• [Aim of the task] Using the entries below, copy out all lines where "description" is found.

*** Task material ***

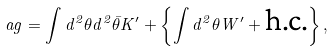Convert formula to latex. <formula><loc_0><loc_0><loc_500><loc_500>\L a g = \int d ^ { 2 } \theta d ^ { 2 } \bar { \theta } K ^ { \prime } + \left \{ \int d ^ { 2 } \theta W ^ { \prime } + \text {h.c.} \right \} ,</formula> 
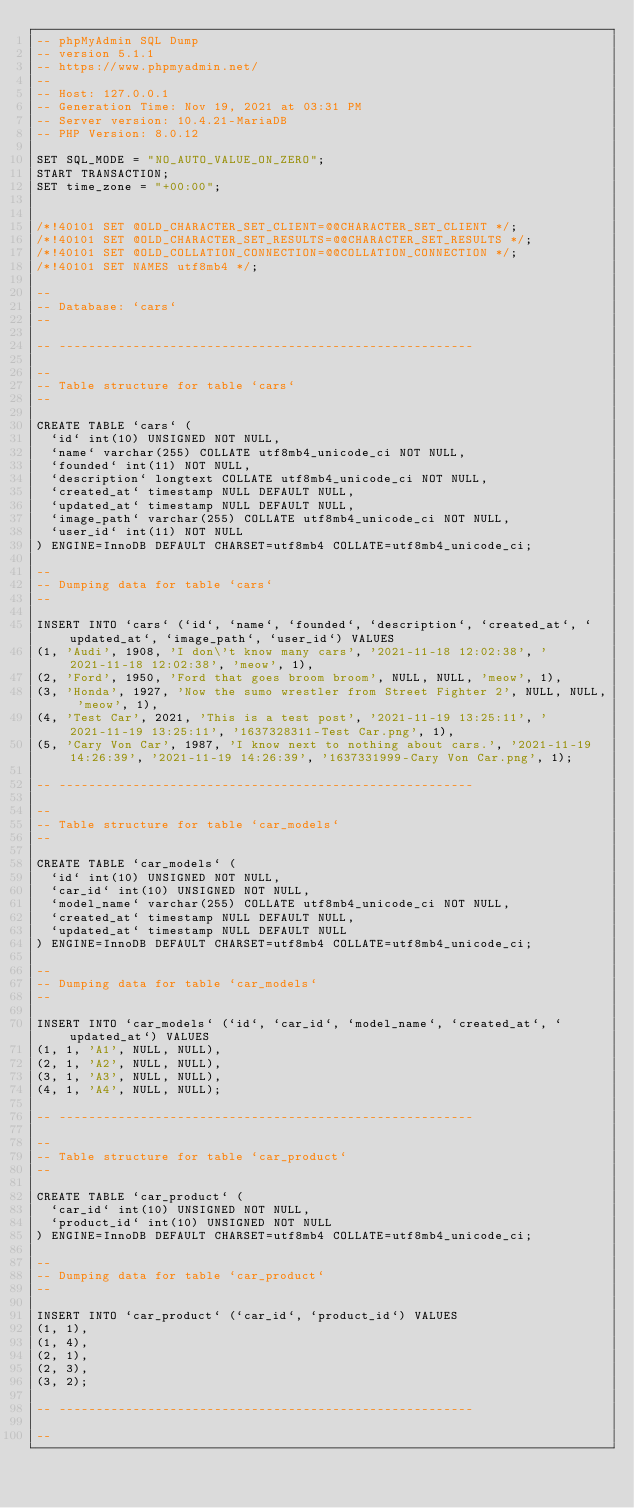Convert code to text. <code><loc_0><loc_0><loc_500><loc_500><_SQL_>-- phpMyAdmin SQL Dump
-- version 5.1.1
-- https://www.phpmyadmin.net/
--
-- Host: 127.0.0.1
-- Generation Time: Nov 19, 2021 at 03:31 PM
-- Server version: 10.4.21-MariaDB
-- PHP Version: 8.0.12

SET SQL_MODE = "NO_AUTO_VALUE_ON_ZERO";
START TRANSACTION;
SET time_zone = "+00:00";


/*!40101 SET @OLD_CHARACTER_SET_CLIENT=@@CHARACTER_SET_CLIENT */;
/*!40101 SET @OLD_CHARACTER_SET_RESULTS=@@CHARACTER_SET_RESULTS */;
/*!40101 SET @OLD_COLLATION_CONNECTION=@@COLLATION_CONNECTION */;
/*!40101 SET NAMES utf8mb4 */;

--
-- Database: `cars`
--

-- --------------------------------------------------------

--
-- Table structure for table `cars`
--

CREATE TABLE `cars` (
  `id` int(10) UNSIGNED NOT NULL,
  `name` varchar(255) COLLATE utf8mb4_unicode_ci NOT NULL,
  `founded` int(11) NOT NULL,
  `description` longtext COLLATE utf8mb4_unicode_ci NOT NULL,
  `created_at` timestamp NULL DEFAULT NULL,
  `updated_at` timestamp NULL DEFAULT NULL,
  `image_path` varchar(255) COLLATE utf8mb4_unicode_ci NOT NULL,
  `user_id` int(11) NOT NULL
) ENGINE=InnoDB DEFAULT CHARSET=utf8mb4 COLLATE=utf8mb4_unicode_ci;

--
-- Dumping data for table `cars`
--

INSERT INTO `cars` (`id`, `name`, `founded`, `description`, `created_at`, `updated_at`, `image_path`, `user_id`) VALUES
(1, 'Audi', 1908, 'I don\'t know many cars', '2021-11-18 12:02:38', '2021-11-18 12:02:38', 'meow', 1),
(2, 'Ford', 1950, 'Ford that goes broom broom', NULL, NULL, 'meow', 1),
(3, 'Honda', 1927, 'Now the sumo wrestler from Street Fighter 2', NULL, NULL, 'meow', 1),
(4, 'Test Car', 2021, 'This is a test post', '2021-11-19 13:25:11', '2021-11-19 13:25:11', '1637328311-Test Car.png', 1),
(5, 'Cary Von Car', 1987, 'I know next to nothing about cars.', '2021-11-19 14:26:39', '2021-11-19 14:26:39', '1637331999-Cary Von Car.png', 1);

-- --------------------------------------------------------

--
-- Table structure for table `car_models`
--

CREATE TABLE `car_models` (
  `id` int(10) UNSIGNED NOT NULL,
  `car_id` int(10) UNSIGNED NOT NULL,
  `model_name` varchar(255) COLLATE utf8mb4_unicode_ci NOT NULL,
  `created_at` timestamp NULL DEFAULT NULL,
  `updated_at` timestamp NULL DEFAULT NULL
) ENGINE=InnoDB DEFAULT CHARSET=utf8mb4 COLLATE=utf8mb4_unicode_ci;

--
-- Dumping data for table `car_models`
--

INSERT INTO `car_models` (`id`, `car_id`, `model_name`, `created_at`, `updated_at`) VALUES
(1, 1, 'A1', NULL, NULL),
(2, 1, 'A2', NULL, NULL),
(3, 1, 'A3', NULL, NULL),
(4, 1, 'A4', NULL, NULL);

-- --------------------------------------------------------

--
-- Table structure for table `car_product`
--

CREATE TABLE `car_product` (
  `car_id` int(10) UNSIGNED NOT NULL,
  `product_id` int(10) UNSIGNED NOT NULL
) ENGINE=InnoDB DEFAULT CHARSET=utf8mb4 COLLATE=utf8mb4_unicode_ci;

--
-- Dumping data for table `car_product`
--

INSERT INTO `car_product` (`car_id`, `product_id`) VALUES
(1, 1),
(1, 4),
(2, 1),
(2, 3),
(3, 2);

-- --------------------------------------------------------

--</code>

*** End of Task material ***

• [Answer for the task]
  `description` longtext COLLATE utf8mb4_unicode_ci NOT NULL,
INSERT INTO `cars` (`id`, `name`, `founded`, `description`, `created_at`, `updated_at`, `image_path`, `user_id`) VALUES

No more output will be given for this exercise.